3. Cupertino Cyclery - Cupertino, Ca - this place is just euphoric, very high end. Cervelos, Quintana Roo, Colnago, you name it they probably have it. Zipp dealer, etc. A little pretentious but very cool after you become familiar with them. The first time I walked in here I was still on my search for a road bike...they were inspecting the ironman bikes and my jaw just dropped. (my wallet also crindged.)


----------



## roguedog (Jun 30, 2006)

huh...

I've been to the Los Altos store and they're not bad.. I've been wanting to go check out the RWC store.

Cupertino.. Man, I wandered in there for like 20 min at least and NO ONE spoke to me or even asked me if I needed help. And the store ain't that big so it's not as if it's not obvious. It wasn't only me. Another customer, a guy, actually got on his cell phone and started some conversation with his friend about looking for bikes and he didn't get any attention either. I just left outta disgust after my 20 min.

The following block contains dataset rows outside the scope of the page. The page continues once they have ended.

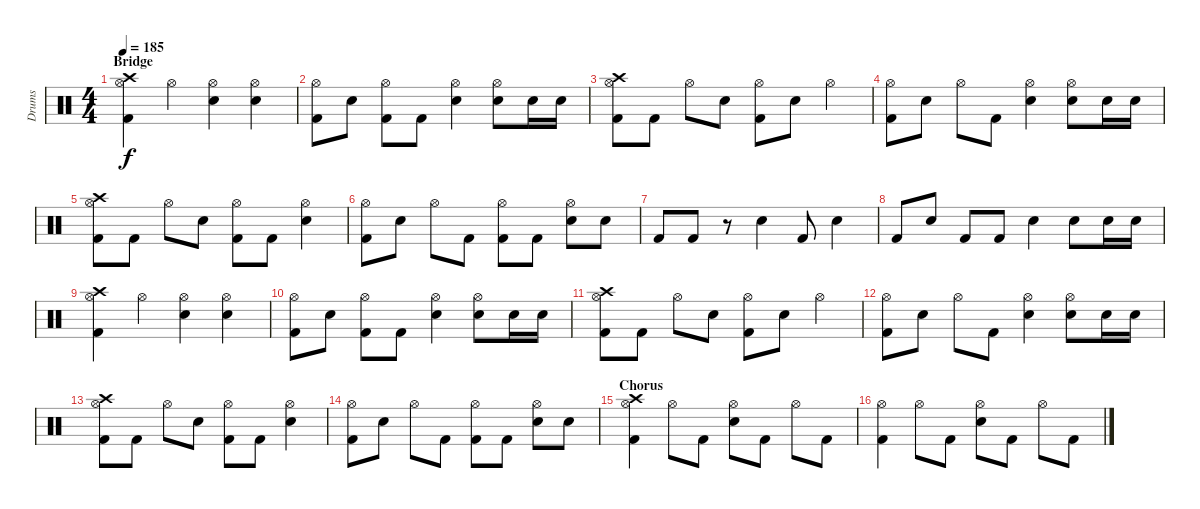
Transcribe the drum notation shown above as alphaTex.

\track ("Drums" "Drums") {instrument percussion}
\staff {score}
\articulation defaults
\ts (4 4)
\section ("" "Bridge")
\tempo 185
\clef neutral
\ks c
("Hi-Hat (open)" "Kick (hit) 2" "Crash high (hit)").4{dy f} "Hi-Hat (open)".4 ("Hi-Hat (open)" "Electric Snare (hit)").4 ("Hi-Hat (open)" "Electric Snare (hit)").4 |
("Hi-Hat (open)" "Kick (hit) 2").8 "Electric Snare (hit)".8 ("Hi-Hat (open)" "Kick (hit) 2").8 "Kick (hit) 2".8 ("Hi-Hat (open)" "Electric Snare (hit)").4 ("Hi-Hat (open)" "Electric Snare (hit)").8 "Electric Snare (hit)".16 "Electric Snare (hit)".16 |
("Hi-Hat (open)" "Kick (hit) 2" "Crash high (hit)").8 "Kick (hit) 2".8 "Hi-Hat (open)".8 "Electric Snare (hit)".8 ("Hi-Hat (open)" "Kick (hit) 2").8 "Electric Snare (hit)".8 "Hi-Hat (open)".4 |
("Hi-Hat (open)" "Kick (hit) 2").8 "Electric Snare (hit)".8 "Hi-Hat (open)".8 "Kick (hit) 2".8 ("Hi-Hat (open)" "Electric Snare (hit)").4 ("Hi-Hat (open)" "Electric Snare (hit)").8 "Electric Snare (hit)".16 "Electric Snare (hit)".16 |
("Hi-Hat (open)" "Kick (hit) 2" "Crash high (hit)").8 "Kick (hit) 2".8 "Hi-Hat (open)".8 "Electric Snare (hit)".8 ("Hi-Hat (open)" "Kick (hit) 2").8 "Kick (hit) 2".8 ("Hi-Hat (open)" "Electric Snare (hit)").4 |
("Hi-Hat (open)" "Kick (hit) 2").8 "Electric Snare (hit)".8 "Hi-Hat (open)".8 "Kick (hit) 2".8 ("Hi-Hat (open)" "Kick (hit) 2").8 "Kick (hit) 2".8 ("Hi-Hat (open)" "Electric Snare (hit)").8 "Electric Snare (hit)".8 |
"Kick (hit) 2".8 "Kick (hit) 2".8 r.8 "Electric Snare (hit)".4 "Kick (hit) 2".8 "Electric Snare (hit)".4 |
"Kick (hit) 2".8 "Electric Snare (hit)".8 "Kick (hit) 2".8 "Kick (hit) 2".8 "Electric Snare (hit)".4 "Electric Snare (hit)".8 "Electric Snare (hit)".16 "Electric Snare (hit)".16 |
("Hi-Hat (open)" "Kick (hit) 2" "Crash high (hit)").4 "Hi-Hat (open)".4 ("Hi-Hat (open)" "Electric Snare (hit)").4 ("Hi-Hat (open)" "Electric Snare (hit)").4 |
("Hi-Hat (open)" "Kick (hit) 2").8 "Electric Snare (hit)".8 ("Hi-Hat (open)" "Kick (hit) 2").8 "Kick (hit) 2".8 ("Hi-Hat (open)" "Electric Snare (hit)").4 ("Hi-Hat (open)" "Electric Snare (hit)").8 "Electric Snare (hit)".16 "Electric Snare (hit)".16 |
("Hi-Hat (open)" "Kick (hit) 2" "Crash high (hit)").8 "Kick (hit) 2".8 "Hi-Hat (open)".8 "Electric Snare (hit)".8 ("Hi-Hat (open)" "Kick (hit) 2").8 "Electric Snare (hit)".8 "Hi-Hat (open)".4 |
("Hi-Hat (open)" "Kick (hit) 2").8 "Electric Snare (hit)".8 "Hi-Hat (open)".8 "Kick (hit) 2".8 ("Hi-Hat (open)" "Electric Snare (hit)").4 ("Hi-Hat (open)" "Electric Snare (hit)").8 "Electric Snare (hit)".16 "Electric Snare (hit)".16 |
("Hi-Hat (open)" "Kick (hit) 2" "Crash high (hit)").8 "Kick (hit) 2".8 "Hi-Hat (open)".8 "Electric Snare (hit)".8 ("Hi-Hat (open)" "Kick (hit) 2").8 "Kick (hit) 2".8 ("Hi-Hat (open)" "Electric Snare (hit)").4 |
("Hi-Hat (open)" "Kick (hit) 2").8 "Electric Snare (hit)".8 "Hi-Hat (open)".8 "Kick (hit) 2".8 ("Hi-Hat (open)" "Kick (hit) 2").8 "Kick (hit) 2".8 ("Hi-Hat (open)" "Electric Snare (hit)").8 "Electric Snare (hit)".8 |
\section ("" "Chorus")
("Hi-Hat (open)" "Kick (hit) 2" "Crash high (hit)").4 "Hi-Hat (open)".8 "Kick (hit) 2".8 ("Hi-Hat (open)" "Electric Snare (hit)").8 "Kick (hit) 2".8 "Hi-Hat (open)".8 "Kick (hit) 2".8 |
("Hi-Hat (open)" "Kick (hit) 2").4 "Hi-Hat (open)".8 "Kick (hit) 2".8 ("Hi-Hat (open)" "Electric Snare (hit)").8 "Kick (hit) 2".8 "Hi-Hat (open)".8 "Kick (hit) 2".8

And yes, on the service side there were like 3-4 folks. I wandered there as well. Not high on my list at all.


----------



## wchane (Aug 8, 2006)

You may want to try this new shop. 'Breakaway' in Saratoga on the corner of big basin way and sunnyvale saratoga road. it's right behind the starbucks opposite of the 76 station and fire station. 

I've yet to go there, but sounds like a more friendly shop.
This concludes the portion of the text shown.